### STUDY MATERIAL
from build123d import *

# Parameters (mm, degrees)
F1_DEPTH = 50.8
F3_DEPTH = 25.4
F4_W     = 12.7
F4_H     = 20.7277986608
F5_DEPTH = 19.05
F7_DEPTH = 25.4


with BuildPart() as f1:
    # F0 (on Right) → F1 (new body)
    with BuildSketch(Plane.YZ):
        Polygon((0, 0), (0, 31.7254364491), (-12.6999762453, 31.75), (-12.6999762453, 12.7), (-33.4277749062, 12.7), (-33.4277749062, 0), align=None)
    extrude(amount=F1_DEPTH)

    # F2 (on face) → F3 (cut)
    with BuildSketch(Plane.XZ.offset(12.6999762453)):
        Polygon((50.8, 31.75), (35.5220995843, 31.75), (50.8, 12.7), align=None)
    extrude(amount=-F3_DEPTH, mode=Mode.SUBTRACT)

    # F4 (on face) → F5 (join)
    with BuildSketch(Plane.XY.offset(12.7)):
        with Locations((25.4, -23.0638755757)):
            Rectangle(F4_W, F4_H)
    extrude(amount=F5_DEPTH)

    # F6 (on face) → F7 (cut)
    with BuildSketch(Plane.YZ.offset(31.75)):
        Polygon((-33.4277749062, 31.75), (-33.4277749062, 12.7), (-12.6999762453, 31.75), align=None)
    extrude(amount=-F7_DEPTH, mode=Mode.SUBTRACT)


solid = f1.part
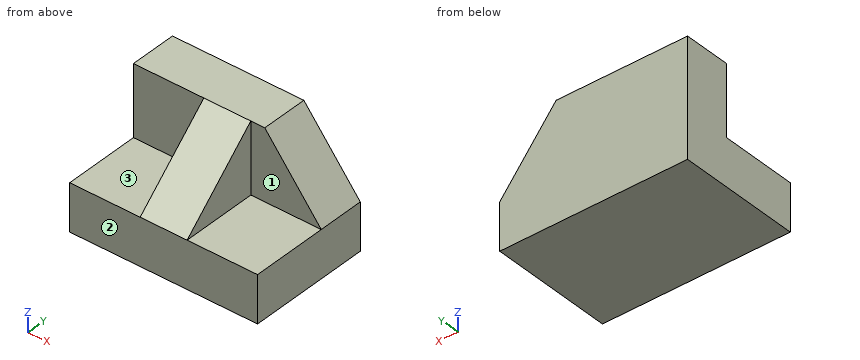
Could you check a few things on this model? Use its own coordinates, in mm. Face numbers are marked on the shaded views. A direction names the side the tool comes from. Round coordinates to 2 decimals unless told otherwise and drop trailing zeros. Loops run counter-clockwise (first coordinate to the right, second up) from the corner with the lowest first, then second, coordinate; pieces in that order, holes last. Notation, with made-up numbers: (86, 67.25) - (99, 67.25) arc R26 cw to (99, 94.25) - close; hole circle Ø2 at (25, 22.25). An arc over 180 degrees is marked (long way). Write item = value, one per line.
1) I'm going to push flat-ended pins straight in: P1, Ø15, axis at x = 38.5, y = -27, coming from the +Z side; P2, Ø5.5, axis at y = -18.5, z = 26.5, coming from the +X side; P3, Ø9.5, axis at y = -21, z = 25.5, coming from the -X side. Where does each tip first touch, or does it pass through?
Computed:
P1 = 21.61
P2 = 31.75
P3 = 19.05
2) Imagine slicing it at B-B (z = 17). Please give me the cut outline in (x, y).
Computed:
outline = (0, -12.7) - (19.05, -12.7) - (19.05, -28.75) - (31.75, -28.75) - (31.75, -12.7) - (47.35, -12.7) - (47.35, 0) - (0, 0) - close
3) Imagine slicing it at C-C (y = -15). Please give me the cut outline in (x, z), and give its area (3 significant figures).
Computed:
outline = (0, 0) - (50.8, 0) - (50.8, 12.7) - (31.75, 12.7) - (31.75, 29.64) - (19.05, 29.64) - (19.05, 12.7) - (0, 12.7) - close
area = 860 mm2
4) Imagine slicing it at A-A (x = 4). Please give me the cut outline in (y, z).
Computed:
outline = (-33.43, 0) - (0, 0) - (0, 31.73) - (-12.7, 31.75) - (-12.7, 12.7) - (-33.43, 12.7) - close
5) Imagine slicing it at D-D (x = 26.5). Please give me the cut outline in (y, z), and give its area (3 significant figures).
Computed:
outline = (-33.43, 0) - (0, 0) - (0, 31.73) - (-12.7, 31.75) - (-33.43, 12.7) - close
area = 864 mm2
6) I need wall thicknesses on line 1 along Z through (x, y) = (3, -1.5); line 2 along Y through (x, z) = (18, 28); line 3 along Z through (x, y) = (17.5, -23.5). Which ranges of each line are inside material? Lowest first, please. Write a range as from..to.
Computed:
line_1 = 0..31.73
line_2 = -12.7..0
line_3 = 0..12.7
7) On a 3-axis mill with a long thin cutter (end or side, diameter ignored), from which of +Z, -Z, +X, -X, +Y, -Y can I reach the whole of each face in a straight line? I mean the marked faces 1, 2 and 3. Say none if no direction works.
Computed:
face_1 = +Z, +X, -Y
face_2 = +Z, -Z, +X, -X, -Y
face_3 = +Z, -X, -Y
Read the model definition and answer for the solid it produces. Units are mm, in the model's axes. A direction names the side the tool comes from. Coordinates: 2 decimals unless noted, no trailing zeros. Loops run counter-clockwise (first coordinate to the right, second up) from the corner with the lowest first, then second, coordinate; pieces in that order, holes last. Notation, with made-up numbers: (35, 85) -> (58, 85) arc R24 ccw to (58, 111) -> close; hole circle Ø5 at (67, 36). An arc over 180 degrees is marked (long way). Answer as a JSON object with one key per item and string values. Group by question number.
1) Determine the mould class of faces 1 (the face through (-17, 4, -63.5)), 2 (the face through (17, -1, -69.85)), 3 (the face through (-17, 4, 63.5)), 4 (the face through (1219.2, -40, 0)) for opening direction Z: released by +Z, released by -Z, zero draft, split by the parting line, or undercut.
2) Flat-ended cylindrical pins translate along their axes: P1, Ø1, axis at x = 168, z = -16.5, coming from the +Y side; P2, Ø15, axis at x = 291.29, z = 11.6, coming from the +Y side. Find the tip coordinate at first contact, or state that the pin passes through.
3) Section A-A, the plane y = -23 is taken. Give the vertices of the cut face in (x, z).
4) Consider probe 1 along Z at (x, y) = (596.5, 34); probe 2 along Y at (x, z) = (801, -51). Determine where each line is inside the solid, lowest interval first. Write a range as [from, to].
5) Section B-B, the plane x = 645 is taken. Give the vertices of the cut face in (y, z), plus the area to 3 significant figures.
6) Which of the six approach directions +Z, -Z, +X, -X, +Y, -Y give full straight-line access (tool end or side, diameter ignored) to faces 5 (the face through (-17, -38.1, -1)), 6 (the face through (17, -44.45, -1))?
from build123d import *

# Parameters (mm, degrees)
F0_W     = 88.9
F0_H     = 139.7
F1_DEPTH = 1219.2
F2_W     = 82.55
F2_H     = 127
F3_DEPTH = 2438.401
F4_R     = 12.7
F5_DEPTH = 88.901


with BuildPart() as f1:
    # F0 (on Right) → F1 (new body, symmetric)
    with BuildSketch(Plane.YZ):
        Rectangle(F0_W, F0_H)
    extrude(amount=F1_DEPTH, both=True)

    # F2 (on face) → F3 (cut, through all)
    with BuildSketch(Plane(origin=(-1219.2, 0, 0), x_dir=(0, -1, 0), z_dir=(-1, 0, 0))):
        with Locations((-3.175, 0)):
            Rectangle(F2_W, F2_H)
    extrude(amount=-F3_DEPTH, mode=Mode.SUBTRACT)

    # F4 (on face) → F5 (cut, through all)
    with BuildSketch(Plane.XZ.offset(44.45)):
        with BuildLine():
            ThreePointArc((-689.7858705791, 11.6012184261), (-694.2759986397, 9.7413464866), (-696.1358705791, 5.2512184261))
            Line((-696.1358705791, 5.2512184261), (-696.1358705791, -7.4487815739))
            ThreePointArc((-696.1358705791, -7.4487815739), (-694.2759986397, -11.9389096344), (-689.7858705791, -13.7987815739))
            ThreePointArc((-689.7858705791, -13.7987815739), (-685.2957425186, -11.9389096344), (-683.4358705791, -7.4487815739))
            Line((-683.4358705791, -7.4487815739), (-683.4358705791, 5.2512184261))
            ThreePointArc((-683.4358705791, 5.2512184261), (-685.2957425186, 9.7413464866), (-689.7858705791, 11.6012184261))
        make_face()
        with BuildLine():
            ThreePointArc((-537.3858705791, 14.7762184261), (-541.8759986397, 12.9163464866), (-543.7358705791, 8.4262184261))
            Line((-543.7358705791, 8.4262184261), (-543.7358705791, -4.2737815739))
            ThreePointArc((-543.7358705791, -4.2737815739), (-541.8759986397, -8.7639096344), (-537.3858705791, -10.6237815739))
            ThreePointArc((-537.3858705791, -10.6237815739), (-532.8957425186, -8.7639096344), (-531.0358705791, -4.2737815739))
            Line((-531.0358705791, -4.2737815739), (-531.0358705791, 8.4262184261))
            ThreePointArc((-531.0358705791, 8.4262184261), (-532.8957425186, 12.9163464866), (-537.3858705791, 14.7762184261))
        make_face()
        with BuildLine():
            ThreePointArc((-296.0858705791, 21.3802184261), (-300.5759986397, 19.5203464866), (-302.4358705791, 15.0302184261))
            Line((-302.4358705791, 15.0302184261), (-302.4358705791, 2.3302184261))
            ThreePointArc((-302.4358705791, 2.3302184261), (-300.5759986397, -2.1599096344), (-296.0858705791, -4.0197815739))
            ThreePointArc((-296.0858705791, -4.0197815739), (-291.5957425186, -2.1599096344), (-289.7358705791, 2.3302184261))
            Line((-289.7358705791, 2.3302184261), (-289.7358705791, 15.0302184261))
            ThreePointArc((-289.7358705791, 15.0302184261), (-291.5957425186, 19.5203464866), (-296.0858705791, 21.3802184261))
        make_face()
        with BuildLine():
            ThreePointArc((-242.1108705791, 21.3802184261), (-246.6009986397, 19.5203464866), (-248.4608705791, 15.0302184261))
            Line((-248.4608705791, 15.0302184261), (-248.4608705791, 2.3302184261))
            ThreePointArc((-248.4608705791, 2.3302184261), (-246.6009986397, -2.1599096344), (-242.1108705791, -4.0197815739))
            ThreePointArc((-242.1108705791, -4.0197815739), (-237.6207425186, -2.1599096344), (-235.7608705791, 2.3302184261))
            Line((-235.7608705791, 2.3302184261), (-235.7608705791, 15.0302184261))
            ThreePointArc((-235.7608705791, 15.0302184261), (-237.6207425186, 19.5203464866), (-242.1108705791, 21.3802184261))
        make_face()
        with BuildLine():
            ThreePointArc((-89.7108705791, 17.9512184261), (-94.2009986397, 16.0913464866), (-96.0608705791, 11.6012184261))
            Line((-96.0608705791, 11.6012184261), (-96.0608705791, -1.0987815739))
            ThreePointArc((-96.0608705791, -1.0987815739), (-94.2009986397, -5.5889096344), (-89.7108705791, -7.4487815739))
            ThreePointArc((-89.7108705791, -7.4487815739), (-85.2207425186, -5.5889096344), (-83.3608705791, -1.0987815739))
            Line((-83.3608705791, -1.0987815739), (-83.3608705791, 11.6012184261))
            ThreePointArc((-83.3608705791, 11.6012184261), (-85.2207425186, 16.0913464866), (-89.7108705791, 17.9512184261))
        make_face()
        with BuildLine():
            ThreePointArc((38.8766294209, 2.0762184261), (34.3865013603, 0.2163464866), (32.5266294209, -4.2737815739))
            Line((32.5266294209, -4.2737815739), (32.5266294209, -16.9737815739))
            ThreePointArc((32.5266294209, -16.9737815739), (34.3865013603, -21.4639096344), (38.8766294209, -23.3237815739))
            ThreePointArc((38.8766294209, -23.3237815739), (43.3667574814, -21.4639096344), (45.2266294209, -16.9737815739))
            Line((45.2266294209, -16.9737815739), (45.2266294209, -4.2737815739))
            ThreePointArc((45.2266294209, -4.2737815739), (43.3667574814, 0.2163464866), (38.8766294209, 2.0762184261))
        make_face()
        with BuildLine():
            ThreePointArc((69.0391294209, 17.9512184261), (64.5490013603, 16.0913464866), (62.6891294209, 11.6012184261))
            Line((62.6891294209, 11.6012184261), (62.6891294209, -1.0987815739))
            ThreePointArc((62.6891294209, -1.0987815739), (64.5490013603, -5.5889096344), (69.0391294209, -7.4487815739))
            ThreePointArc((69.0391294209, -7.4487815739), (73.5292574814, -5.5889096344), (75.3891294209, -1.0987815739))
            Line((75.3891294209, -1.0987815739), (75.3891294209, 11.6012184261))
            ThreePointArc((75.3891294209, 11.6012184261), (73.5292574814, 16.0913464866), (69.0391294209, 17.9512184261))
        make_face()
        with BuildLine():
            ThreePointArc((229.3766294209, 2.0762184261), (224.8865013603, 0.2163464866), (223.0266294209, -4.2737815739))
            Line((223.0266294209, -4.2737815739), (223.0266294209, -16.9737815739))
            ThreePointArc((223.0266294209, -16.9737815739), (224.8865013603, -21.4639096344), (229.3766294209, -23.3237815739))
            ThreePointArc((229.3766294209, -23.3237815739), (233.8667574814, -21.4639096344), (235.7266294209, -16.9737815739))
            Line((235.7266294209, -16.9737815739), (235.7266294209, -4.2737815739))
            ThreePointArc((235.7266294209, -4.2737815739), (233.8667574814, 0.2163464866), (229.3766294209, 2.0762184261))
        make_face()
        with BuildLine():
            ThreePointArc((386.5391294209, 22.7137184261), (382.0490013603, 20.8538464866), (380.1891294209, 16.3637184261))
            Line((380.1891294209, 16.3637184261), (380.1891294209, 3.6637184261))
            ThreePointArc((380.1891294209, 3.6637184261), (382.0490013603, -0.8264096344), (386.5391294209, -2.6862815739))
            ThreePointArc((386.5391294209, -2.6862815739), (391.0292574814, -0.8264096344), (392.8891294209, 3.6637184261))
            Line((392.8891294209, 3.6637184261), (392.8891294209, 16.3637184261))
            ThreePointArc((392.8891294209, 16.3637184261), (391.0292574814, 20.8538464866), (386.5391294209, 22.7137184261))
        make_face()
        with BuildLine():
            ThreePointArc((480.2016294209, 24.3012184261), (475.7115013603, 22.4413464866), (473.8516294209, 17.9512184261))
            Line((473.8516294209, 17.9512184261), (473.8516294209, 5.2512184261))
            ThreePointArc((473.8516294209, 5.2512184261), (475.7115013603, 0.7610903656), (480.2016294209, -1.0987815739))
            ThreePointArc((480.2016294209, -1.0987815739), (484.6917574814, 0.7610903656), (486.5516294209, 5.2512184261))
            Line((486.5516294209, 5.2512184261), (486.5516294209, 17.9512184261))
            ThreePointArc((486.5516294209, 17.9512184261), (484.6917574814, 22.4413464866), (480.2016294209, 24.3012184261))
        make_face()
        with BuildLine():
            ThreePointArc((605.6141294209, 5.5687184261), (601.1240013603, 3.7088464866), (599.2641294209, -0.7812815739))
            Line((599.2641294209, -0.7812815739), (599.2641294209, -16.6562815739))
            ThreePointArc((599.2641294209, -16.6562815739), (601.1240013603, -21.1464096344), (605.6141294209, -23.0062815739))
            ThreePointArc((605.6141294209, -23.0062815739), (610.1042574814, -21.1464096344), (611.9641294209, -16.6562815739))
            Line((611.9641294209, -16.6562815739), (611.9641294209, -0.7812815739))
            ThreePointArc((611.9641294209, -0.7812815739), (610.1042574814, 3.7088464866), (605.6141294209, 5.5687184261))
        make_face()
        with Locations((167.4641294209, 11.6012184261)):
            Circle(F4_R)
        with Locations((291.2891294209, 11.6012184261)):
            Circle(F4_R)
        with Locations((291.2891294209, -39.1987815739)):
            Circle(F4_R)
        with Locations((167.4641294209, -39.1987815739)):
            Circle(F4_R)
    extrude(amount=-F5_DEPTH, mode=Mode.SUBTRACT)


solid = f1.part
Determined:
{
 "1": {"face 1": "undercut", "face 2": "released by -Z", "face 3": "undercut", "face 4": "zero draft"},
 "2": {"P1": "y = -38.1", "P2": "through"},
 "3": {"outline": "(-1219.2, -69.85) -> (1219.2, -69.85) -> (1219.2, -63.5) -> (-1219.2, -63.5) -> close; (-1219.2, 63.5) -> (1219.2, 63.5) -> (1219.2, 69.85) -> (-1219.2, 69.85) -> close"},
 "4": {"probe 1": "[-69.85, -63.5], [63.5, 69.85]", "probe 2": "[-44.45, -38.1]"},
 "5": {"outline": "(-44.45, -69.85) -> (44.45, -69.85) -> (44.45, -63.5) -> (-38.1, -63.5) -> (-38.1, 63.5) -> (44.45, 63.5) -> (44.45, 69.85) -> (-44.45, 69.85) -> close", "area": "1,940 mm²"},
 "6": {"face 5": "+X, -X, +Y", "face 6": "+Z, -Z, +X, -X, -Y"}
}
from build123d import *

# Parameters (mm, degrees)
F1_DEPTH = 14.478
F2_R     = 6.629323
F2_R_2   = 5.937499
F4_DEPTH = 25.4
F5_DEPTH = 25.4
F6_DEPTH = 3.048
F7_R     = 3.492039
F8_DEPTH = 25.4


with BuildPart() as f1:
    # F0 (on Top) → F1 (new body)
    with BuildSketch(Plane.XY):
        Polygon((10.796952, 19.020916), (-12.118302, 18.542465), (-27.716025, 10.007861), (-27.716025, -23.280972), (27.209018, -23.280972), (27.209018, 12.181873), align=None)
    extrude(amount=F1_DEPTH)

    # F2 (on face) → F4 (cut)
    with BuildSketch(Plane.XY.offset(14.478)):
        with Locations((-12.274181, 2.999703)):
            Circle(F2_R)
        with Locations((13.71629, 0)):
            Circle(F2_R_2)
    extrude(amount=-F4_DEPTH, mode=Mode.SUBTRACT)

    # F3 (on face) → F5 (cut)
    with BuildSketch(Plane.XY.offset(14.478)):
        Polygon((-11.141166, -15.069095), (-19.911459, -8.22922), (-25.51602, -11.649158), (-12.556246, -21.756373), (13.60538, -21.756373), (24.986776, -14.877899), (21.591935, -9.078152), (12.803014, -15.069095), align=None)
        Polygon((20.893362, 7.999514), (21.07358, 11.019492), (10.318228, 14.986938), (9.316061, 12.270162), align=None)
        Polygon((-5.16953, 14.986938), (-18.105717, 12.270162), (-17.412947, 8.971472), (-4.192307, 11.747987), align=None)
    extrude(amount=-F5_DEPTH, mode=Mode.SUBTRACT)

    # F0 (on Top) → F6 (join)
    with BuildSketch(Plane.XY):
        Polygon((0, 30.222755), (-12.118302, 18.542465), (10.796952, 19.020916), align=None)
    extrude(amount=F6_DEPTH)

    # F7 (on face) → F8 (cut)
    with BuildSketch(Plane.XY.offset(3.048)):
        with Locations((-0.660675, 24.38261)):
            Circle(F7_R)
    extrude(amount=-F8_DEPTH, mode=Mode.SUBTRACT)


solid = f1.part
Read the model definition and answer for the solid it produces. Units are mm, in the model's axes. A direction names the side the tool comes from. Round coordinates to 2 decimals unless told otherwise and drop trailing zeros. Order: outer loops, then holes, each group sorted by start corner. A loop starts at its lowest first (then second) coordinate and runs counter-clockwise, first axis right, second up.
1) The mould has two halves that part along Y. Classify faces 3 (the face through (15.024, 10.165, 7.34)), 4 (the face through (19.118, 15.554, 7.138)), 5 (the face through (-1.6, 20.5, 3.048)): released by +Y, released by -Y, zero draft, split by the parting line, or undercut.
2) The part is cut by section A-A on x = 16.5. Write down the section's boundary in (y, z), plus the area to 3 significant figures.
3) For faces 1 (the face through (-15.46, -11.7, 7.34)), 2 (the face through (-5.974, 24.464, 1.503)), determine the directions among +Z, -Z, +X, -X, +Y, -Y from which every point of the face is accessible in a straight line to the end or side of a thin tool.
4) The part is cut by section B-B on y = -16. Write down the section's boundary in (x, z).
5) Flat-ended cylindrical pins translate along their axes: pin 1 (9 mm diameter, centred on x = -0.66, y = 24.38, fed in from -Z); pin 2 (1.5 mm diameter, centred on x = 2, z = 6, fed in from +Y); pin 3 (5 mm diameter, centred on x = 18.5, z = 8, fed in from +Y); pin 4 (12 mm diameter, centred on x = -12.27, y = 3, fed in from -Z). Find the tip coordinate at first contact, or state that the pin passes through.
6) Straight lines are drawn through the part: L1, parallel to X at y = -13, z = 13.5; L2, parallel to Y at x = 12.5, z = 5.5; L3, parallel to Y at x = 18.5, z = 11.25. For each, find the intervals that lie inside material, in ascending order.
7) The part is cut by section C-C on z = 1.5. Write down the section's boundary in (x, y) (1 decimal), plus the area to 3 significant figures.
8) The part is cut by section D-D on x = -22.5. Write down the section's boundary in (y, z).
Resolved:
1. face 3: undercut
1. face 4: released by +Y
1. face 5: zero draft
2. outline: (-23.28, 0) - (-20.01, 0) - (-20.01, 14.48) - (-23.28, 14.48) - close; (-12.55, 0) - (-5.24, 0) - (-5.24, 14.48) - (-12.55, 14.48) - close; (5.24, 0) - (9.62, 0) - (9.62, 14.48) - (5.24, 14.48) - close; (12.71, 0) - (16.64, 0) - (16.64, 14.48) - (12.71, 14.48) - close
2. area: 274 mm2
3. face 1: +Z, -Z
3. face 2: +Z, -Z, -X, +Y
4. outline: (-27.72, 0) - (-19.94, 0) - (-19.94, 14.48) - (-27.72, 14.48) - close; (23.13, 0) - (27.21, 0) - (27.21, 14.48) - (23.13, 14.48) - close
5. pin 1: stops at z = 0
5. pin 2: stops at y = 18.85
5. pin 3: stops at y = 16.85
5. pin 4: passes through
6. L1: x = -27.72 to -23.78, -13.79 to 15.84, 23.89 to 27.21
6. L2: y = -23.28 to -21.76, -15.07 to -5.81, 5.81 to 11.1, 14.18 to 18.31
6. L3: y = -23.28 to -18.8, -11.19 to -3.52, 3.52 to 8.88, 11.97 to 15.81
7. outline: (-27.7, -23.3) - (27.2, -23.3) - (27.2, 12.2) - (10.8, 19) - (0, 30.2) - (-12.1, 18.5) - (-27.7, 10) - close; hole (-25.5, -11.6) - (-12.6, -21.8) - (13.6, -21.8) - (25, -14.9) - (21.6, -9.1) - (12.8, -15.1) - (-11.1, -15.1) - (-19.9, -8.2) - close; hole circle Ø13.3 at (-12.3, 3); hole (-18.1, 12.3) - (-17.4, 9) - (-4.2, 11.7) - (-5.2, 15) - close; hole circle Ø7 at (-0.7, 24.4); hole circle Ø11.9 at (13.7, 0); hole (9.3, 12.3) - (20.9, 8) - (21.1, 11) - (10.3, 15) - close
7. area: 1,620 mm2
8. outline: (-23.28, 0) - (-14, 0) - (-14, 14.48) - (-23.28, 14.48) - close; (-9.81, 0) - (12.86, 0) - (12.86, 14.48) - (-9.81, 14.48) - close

### ABOUT THIS TASK
Repeat only what lies between the first line of the data and the line containing "# F2 (on face) → F3 (cut)", both of those lines included, exactly as it stands.

### WRITTEN RESPONSE
from build123d import *

# Parameters (mm, degrees)
F1_DEPTH = 50.8
F3_DEPTH = 25.4
F4_W     = 12.7
F4_H     = 20.7277986608
F5_DEPTH = 19.05
F7_DEPTH = 25.4


with BuildPart() as f1:
    # F0 (on Right) → F1 (new body)
    with BuildSketch(Plane.YZ):
        Polygon((0, 0), (0, 31.7254364491), (-12.6999762453, 31.75), (-12.6999762453, 12.7), (-33.4277749062, 12.7), (-33.4277749062, 0), align=None)
    extrude(amount=F1_DEPTH)

    # F2 (on face) → F3 (cut)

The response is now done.